Chronic Obstructive Pulmonary Disease (COPD) and Lung Function
- Cigarette smoking is the primary cause of COPD in women, and the risk increases with the amount and duration of cigarette use.
- Mortality rates for COPD have increased among women for the past 20 to 30 years. About 90% of mortality from COPD among U.S. women is attributed to smoking.
- Exposure to maternal smoking is associated with reduced lung function among infants, and exposure to environmental tobacco smoke during childhood and adolescence may be associated with impaired lung function among girls.
- Smoking by girls can reduce their rate of lung growth and the level of maximum lung function. Women who smoke may experience a premature decline of lung function.
- Some studies suggest that cigarette smoking may alter menstrual function by increasing the risks for painful menstruation, secondary amenorrhea (abnormal absence of menstrual), and menstrual irregularity
- Women smokers have natural menopause at a younger age than do nonsmokers, and they may experience more severe menopausal symptoms.
- Women who smoke have increased risk for conception delay and for both primary and secondary infertility.
- Women who smoke during pregnancy risk pregnancy complications, premature birth, low-birth-weight infants, stillbirth, and infant mortality.
- Women who smoke may have a modest increase in risks for ectopic pregnancy (fallopian tube or peritoneal cavity pregnancy) and spontaneous abortion.
- Studies show a link between smoking and the risk of sudden infant death syndrome (SIDS) among the offspring of women who smoke during pregnancy.
Bone Density and Fracture Risk
- Postmenopausal women who smoke have lower bone density than women who never smoked.
- Women who smoke have an increased risk for hip fracture than women who never smoked.
- Women who smoke may have a modestly elevated risk for rheumatoid arthritis.

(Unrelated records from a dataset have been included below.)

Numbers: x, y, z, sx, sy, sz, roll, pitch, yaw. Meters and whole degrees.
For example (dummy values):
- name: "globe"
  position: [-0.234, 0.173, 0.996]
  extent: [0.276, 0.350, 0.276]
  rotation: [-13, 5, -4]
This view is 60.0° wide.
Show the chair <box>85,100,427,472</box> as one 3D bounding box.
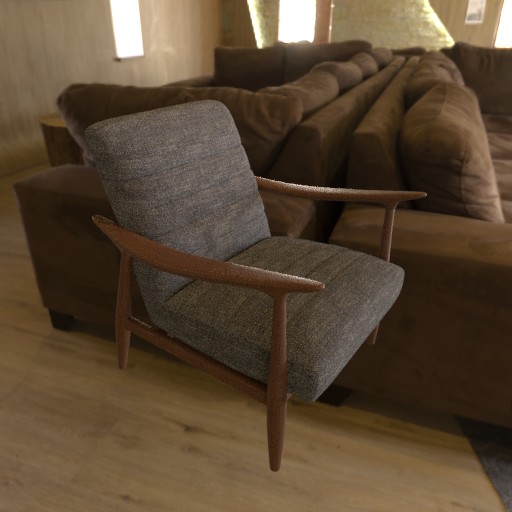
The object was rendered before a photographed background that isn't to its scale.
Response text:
- name: "chair"
  position: [0.000, 0.000, 1.393]
  extent: [0.798, 0.832, 0.741]
  rotation: [18, 32, 31]

- Women smokers have an increased risk for cataract, and may have an increased risk for age-related macular degeneration.
- The prevalence of smoking generally is higher for women with anxiety disorders, bulimia, depression, attention deficit disorder, and alcoholism; it is particularly high among patients with diagnosed schizophrenia. The connection between smoking and these disorders requires additional research.
Health Consequences of Environmental Tobacco Smoke (ETS)
- Exposure to ETS is a cause of lung cancer among women nonsmokers.
- Studies support a causal relationship between exposure to ETS and coronary heart disease mortality among women nonsmokers.
- Infants born to women who are exposed to ETS during pregnancy may have a small decrement in birth weight and a slightly increased risk for intrauterine growth retardation.
Disclaimer: Data and findings provided in the publications on this page reflect the content of this particular Surgeon General's Report. More recent information may exist elsewhere on the Smoking & Tobacco Use Web site (for example, in fact sheets, frequently asked questions, or other materials that are reviewed on a regular basis and updated accordingly).